The main takeaway of the report is this, as highlighted by FlatpanelsHD.com: the shift in revenue and market share between theatrical movie entertainment and digital home entertainment has been nothing short of astonishing during the last 5 years. In 2015 movie money made through theatrical releases accounted for 39.1 of about 75 billion dollars worth of revenue, while DVD/Blu-ray accounted for 19.7 and streaming for just 16.6. From 2016 to 2019 these numbers changed to 42.3 billion for the theatrical releases, 8.8 for DVD/Blu-ray/UHD Blu-ray releases and 47.2 (!) for streaming, of more than 97 billion dollars worth of revenue globally.
So while movies made more money than ever before in cinemas overall - especially during banner years such as 2016 or 2019 - home entertainment went from an also-ran to the dominant force of the show business revenue-wise. 2020 was, of course, an anomaly, so there's no point in talking about the jump of home entertainment percentage to almost 70 billion (since almost all movie theatres worldwide were closed during most of that year). It's worth noting that comparisons between streaming services and theatrical movie releases are not exactly apples-to-apples, as the former also include a lot of content other than films (such as TV shows or documentaries or whathaveyou). But still: from 16.6 billion to 47.2 in five film seasons! Streaming is not a "trend" anymore. It's now the cornerstone of modern entertainment.
This is why 2021 will be a truly important year as far as the evolution of modern entertainment is concerned: many movies will premiere at home this year, while a lot of movie theatres will remain closed for many of these 12 months (they've been closed for the first 5 already). The way all of this plays out will definitely affect Hollywood's plans for 2022 and beyond. As the MPA report and many analysts point out, the pandemic of COVID-19 basically accelerated changes that had already started taking place. But it is only now that most of us realize we may not be "getting back" to the way things were in 2019 when movie theatres and film production eventually resume operations.

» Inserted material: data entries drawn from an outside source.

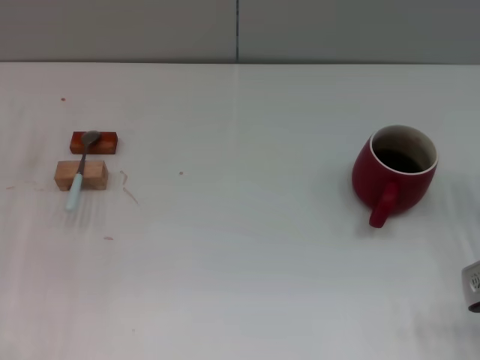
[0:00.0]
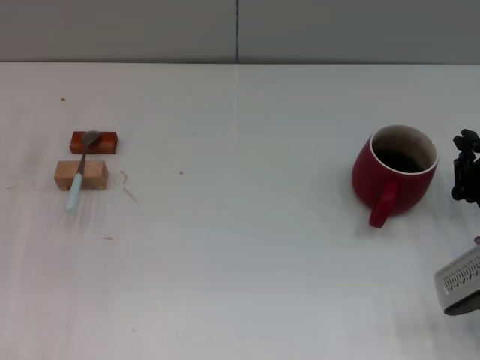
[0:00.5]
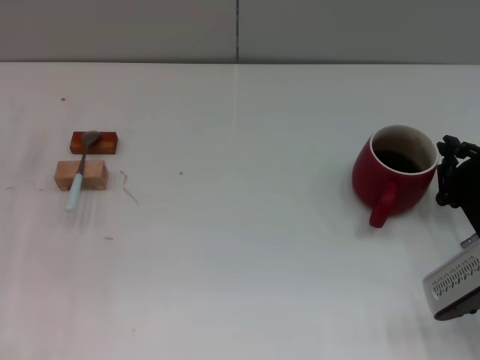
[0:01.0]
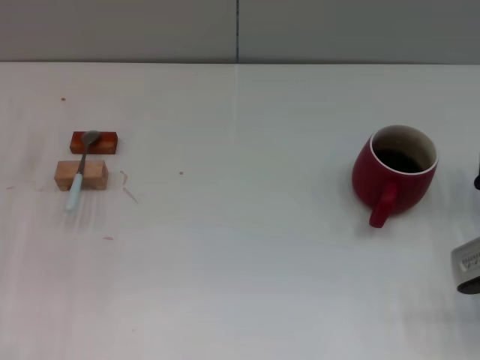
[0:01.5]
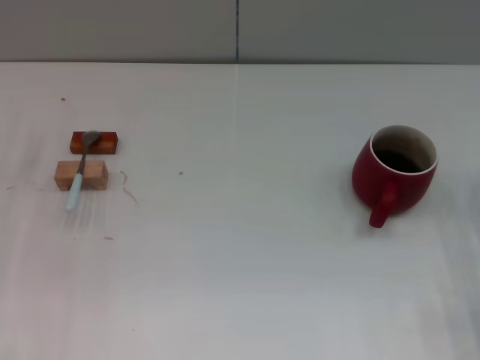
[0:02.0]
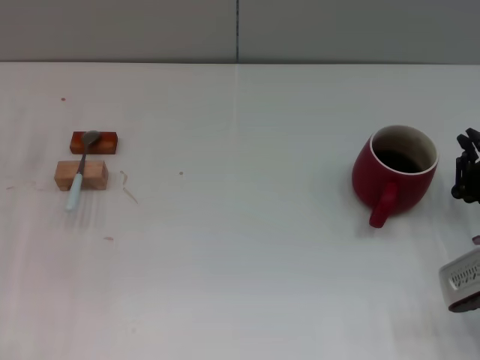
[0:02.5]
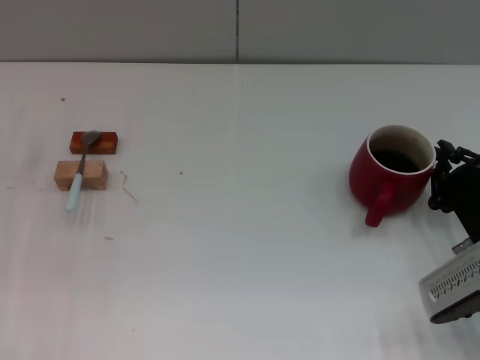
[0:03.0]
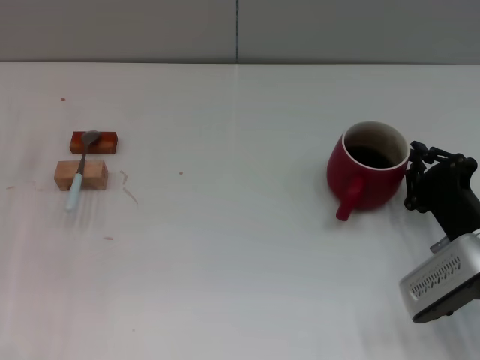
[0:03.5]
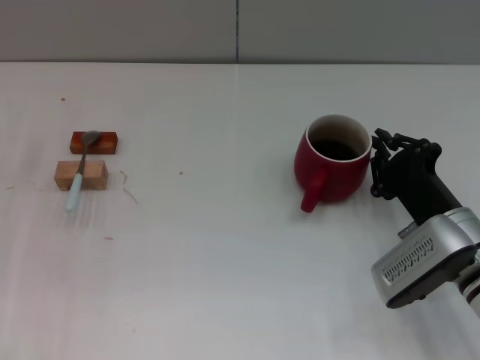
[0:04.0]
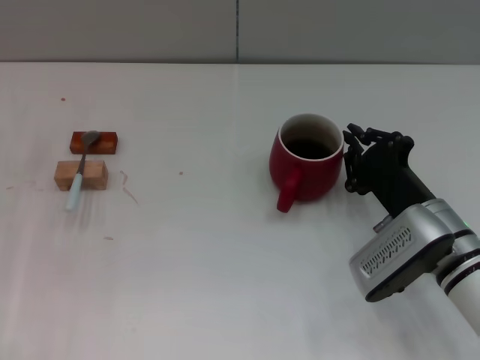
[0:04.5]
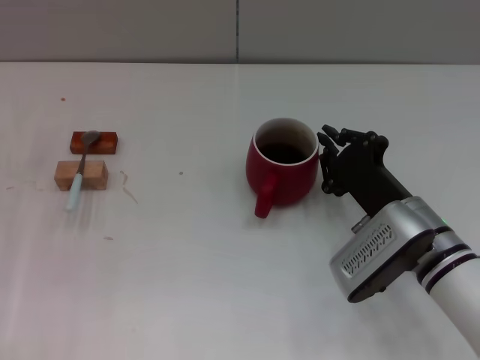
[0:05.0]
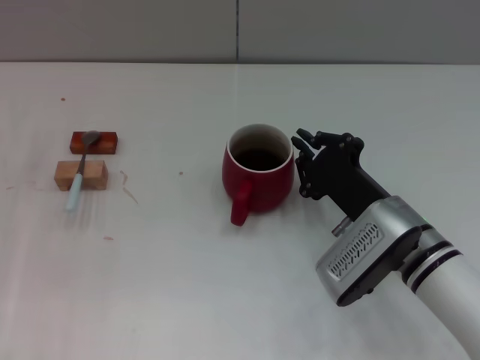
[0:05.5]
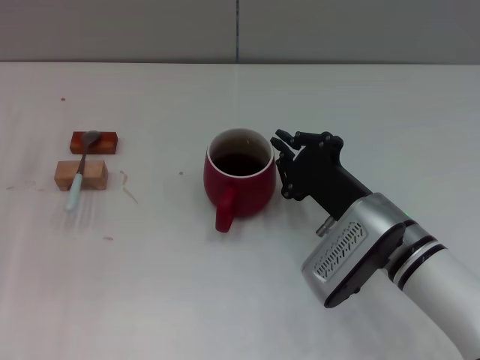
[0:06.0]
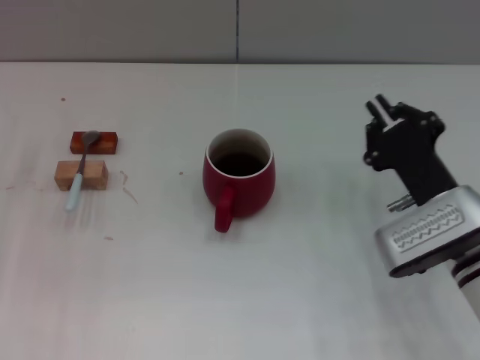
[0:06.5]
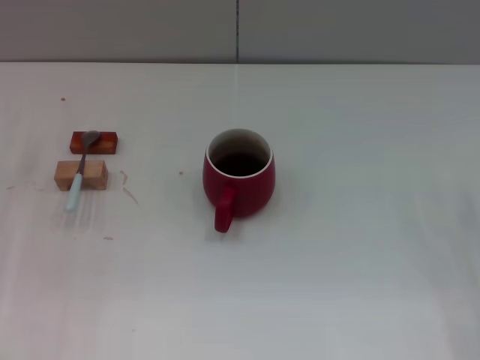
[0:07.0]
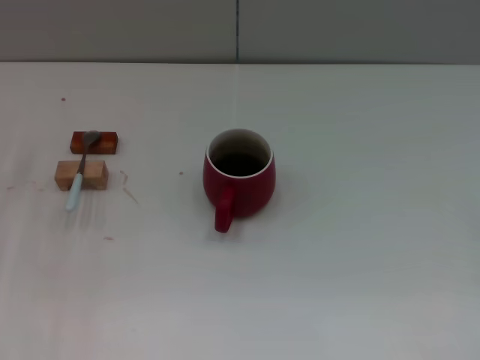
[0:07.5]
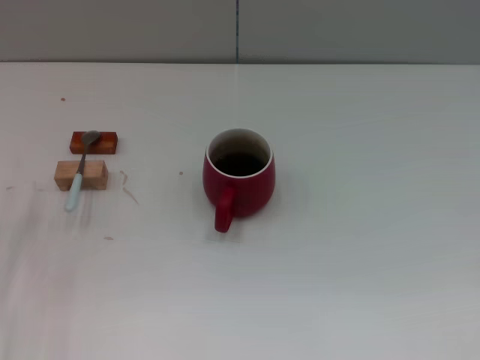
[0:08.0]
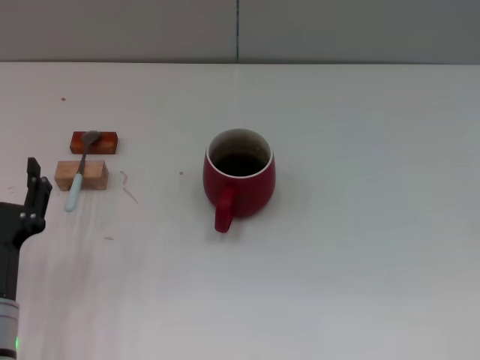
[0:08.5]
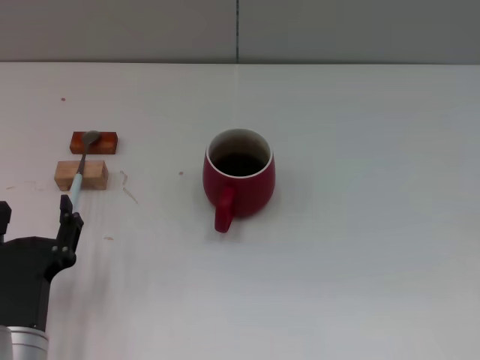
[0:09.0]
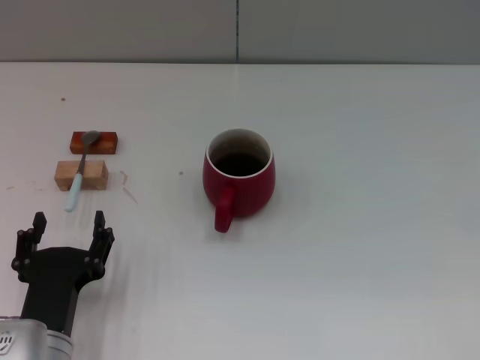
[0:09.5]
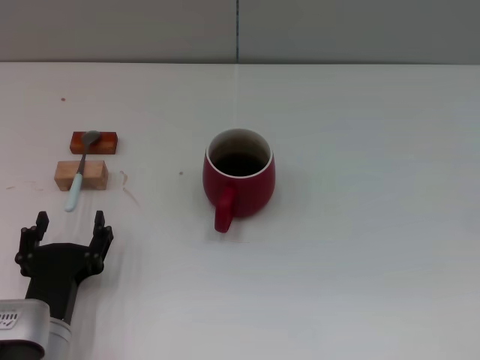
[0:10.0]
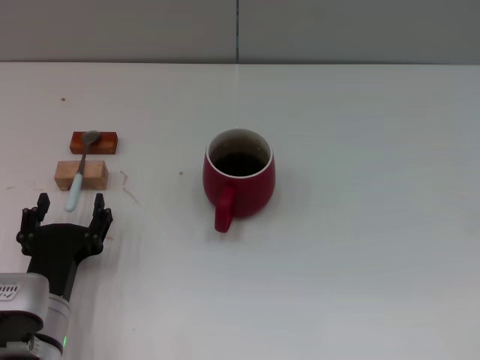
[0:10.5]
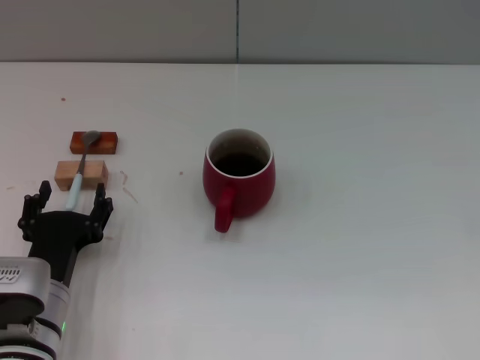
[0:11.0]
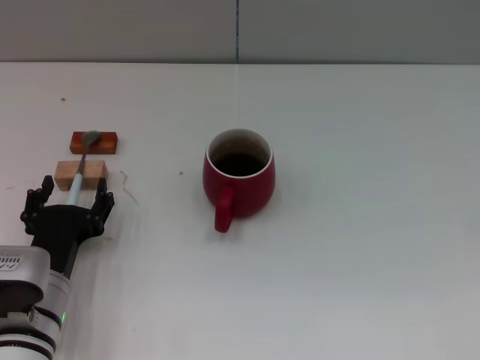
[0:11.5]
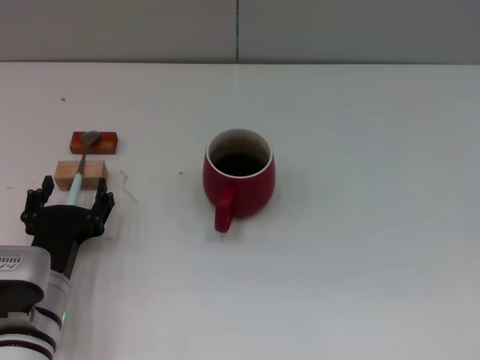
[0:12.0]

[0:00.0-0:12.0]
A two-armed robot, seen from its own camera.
Task of the whole recording: Move the red cup to the center, lift the blue spoon, stir it three times in the cup, and put the spoon into the cup.
Step, 0:00.0 to 0:06.0: Move the cup with coffee to the center of view with the right gripper.
0:02.0 to 0:04.0: The right gripper travels to the left by about 10 cm.
0:04.0 to 0:06.0: The right gripper travels to the left by some 10 cm.
0:06.0 to 0:08.0: The right gripper moves to the right, roughly 30 cm, and opens, while the left gripper goes about 10 cm backward.
0:08.0 to 0:10.0: The left gripper is displaced to the right and backward by some 10 cm.
0:10.0 to 0:12.0: The left gripper changes place by roughly 5 cm.

There is a point, though, worth making of the imbalance created by the swift changes the pandemic brought about: home entertainment may now amount to most of the dollars spent in the modern show business, but that does not make the former capable of sustaining the latter. Low-cost subscriptions to services and high sales of DVDs simply do not make enough money in order to provide sufficient funding for Hollywood's numerous ultra-costly productions every year. This is why the meteoric rise of home entertainment in 2020 was not enough to offset the terrible losses suffered by all studios due to theatrical releases not happening, which led to a reduction of almost 20% in total market revenue.
Changes may be happening fast, in other words, but that does not mean that the motion picture business is ready for a full transition to day-and-date home and theater film releases (let alone for targeting home releases exclusively). Cinemas are very much needed in order to help Hollywood continue doing what it does for almost a century now: produce movies people want to watch. Truth be told, that is how we like it too. We had the best of both worlds in 2019: the great new blockbusters we want to see in a movie theatre in order to enjoy the whole cinematic experience, as well as Netflix or Disney Plus at home, ready to offer everything else on our Smart TV.

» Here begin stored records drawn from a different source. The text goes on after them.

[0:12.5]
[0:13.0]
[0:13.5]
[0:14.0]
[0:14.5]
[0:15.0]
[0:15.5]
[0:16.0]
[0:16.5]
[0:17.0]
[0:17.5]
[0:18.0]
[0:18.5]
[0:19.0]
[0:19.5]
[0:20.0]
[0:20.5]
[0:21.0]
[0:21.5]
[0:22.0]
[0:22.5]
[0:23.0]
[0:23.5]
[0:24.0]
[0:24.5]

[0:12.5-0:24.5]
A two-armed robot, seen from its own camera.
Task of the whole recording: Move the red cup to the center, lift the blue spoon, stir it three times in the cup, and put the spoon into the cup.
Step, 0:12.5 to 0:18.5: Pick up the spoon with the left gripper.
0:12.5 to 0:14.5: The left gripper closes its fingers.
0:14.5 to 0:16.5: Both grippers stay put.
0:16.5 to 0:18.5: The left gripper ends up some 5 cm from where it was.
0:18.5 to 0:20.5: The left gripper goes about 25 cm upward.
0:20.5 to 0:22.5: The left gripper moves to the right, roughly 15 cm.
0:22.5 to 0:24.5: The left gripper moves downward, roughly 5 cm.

There's no reason why this model cannot work again. It's just that, for the first time in the history of entertainment, no one really knows whether consumers will lean toward the cinematic experience or toward the comfort of a couch when the COVID-19 situation is more or less resolved. How could anyone know? We've never been asked before whether we'd like our film premieres to happen in our living room or among dozens of strangers in a movie theatre in a post-pandemic world, have we?